Esportiva de 296 cc herda faróis e para-brisa de motos maiores, além de usar duas válvulas para controlar o acelerador
Faróis e para-brisa inspirados em superesportivas maiores se juntam a um sistema de admissão pensado para respostas mais progressivas.
Algumas soluções visuais e mecânicas de superesportivas maiores chegaram a uma moto de cilindrada bem menor. A Kawasaki Ninja 300 combina faróis inspirados na ZX-6R, para-brisa no estilo da ZX-10R e válvulas duplas de aceleração no motor bicilíndrico de 296 cc.
O que os faróis da Ninja 300 têm em comum com a ZX-6R?
A Kawasaki afirma que os faróis com projetor duplo foram inspirados na Ninja ZX-6R. O conjunto produz um feixe mais preciso e concentrado e também aproxima visualmente a dianteira da 300 das motocicletas superesportivas maiores da família.
Isso não significa que as duas motos utilizem necessariamente a mesma peça. A herança destacada pela fabricante está no conceito visual e na solução de projetores, adaptados à estrutura e à proposta da Ninja 300.

Como o para-brisa inspirado na ZX-10R ajuda na estrada?

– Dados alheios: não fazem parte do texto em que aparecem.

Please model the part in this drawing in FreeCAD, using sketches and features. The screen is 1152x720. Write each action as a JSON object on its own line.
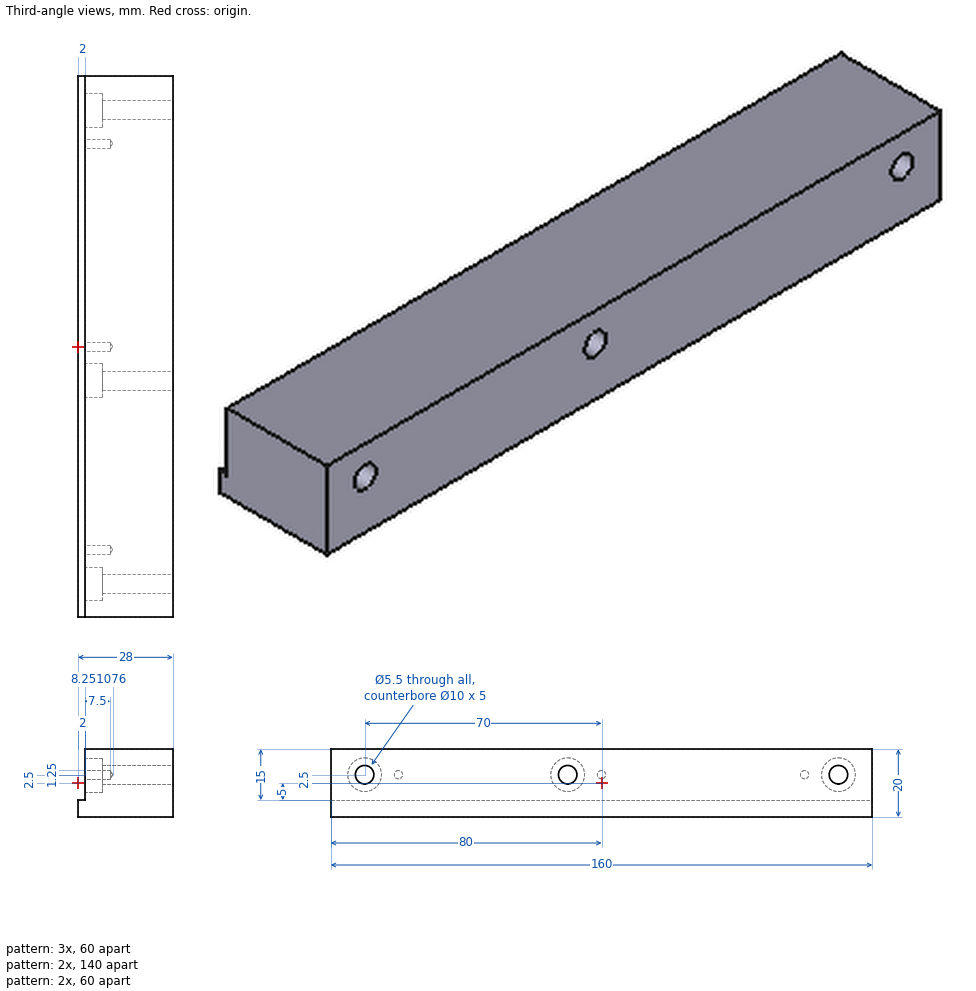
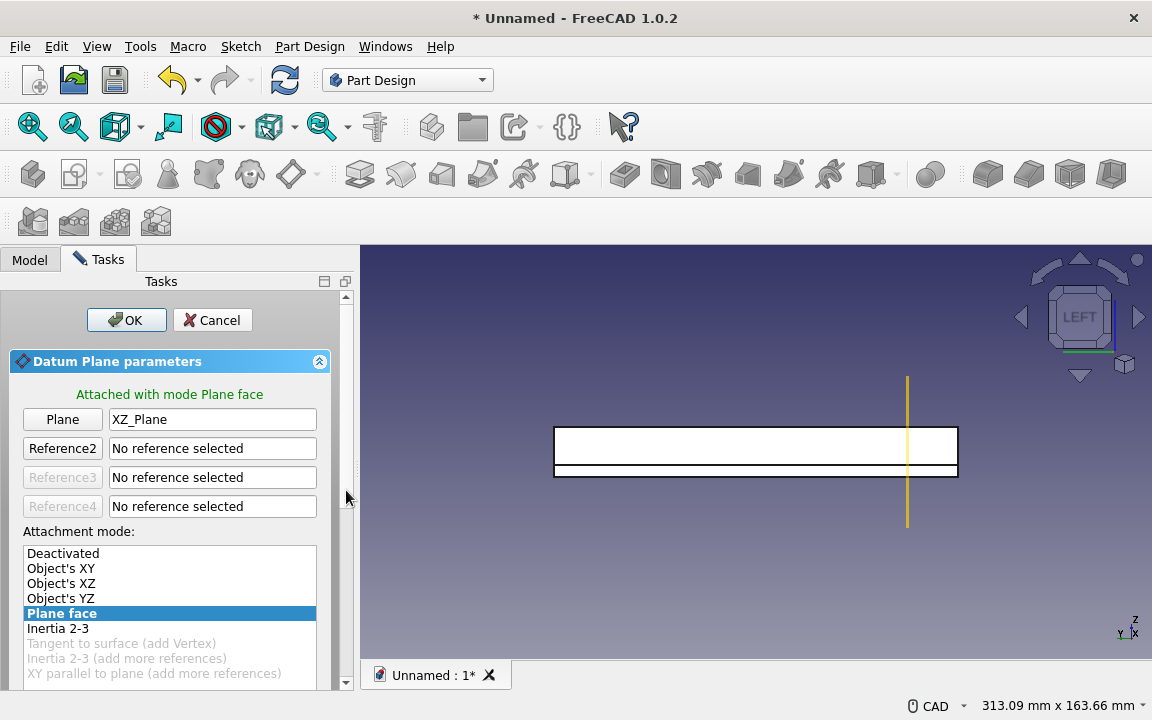
{"action": "left_click", "coordinate": [127, 320]}

O para-brisa flutuante segue uma solução visual inspirada na Ninja ZX-10R. Segundo a Kawasaki, seu formato foi pensado para desviar melhor o fluxo de ar e ampliar a proteção do piloto durante deslocamentos em velocidades mais altas.
Menor pressão direta de vento pode reduzir o esforço para manter a posição em rodovia. O efeito não transforma a 300 em uma moto de turismo, mas adiciona proteção aerodinâmica à ergonomia relativamente natural adotada pelo modelo.
Como funcionam as válvulas duplas de aceleração?
O sistema utiliza duas válvulas de aceleração por cilindro. A primeira fica fisicamente ligada à manopla e responde diretamente ao comando do piloto, como ocorre em um acelerador mecânico convencional.
A segunda é movimentada pela ECU. Ela controla com maior precisão o fluxo de ar que entra no motor, buscando tornar a entrega de torque mais natural e linear mesmo quando o motociclista abre rapidamente o acelerador.
Esse sistema é o mesmo que um acelerador totalmente eletrônico?
Não. Nas válvulas duplas da Ninja 300, a válvula principal continua ligada mecanicamente à mão do piloto. A eletrônica atua sobre o segundo conjunto de borboletas, complementando a abertura solicitada pela manopla.
A Kawasaki relaciona a tecnologia a melhor controle da resposta, eficiência de combustão e desempenho. Portanto, a ECU não substitui completamente o comando do piloto, mas ajusta o ar admitido depois da primeira solicitação.
O motor de 296 cc acompanha a aparência de moto maior?
O bicilíndrico paralelo refrigerado a líquido entrega 39 cv a 11.000 rpm e 2,7 kgf.m a 10.000 rpm. A transmissão possui seis velocidades e embreagem assistida e deslizante, recurso que reduz esforço no manete e torque reverso em reduções fortes.
A ficha oficial da Ninja 300 informa ainda tanque de 17 litros, peso de 179 kg em ordem de marcha e ABS, com discos de 290 mm na dianteira e 220 mm atrás.
O que essa herança das Ninja maiores muda na prática?
Os elementos inspirados na ZX-6R e ZX-10R não transformam a 300 em uma superesportiva de alta cilindrada. Eles acrescentam identidade visual, proteção aerodinâmica e uma tecnologia de admissão usada para tornar a resposta do acelerador mais progressiva.
A ligação com modelos maiores também reforça a identidade esportiva construída pela Kawasaki. No uso diário, porém, o diferencial mais concreto está na combinação entre motor bicilíndrico, seis marchas, ergonomia menos extrema e controle eletrônico da segunda válvula de aceleração.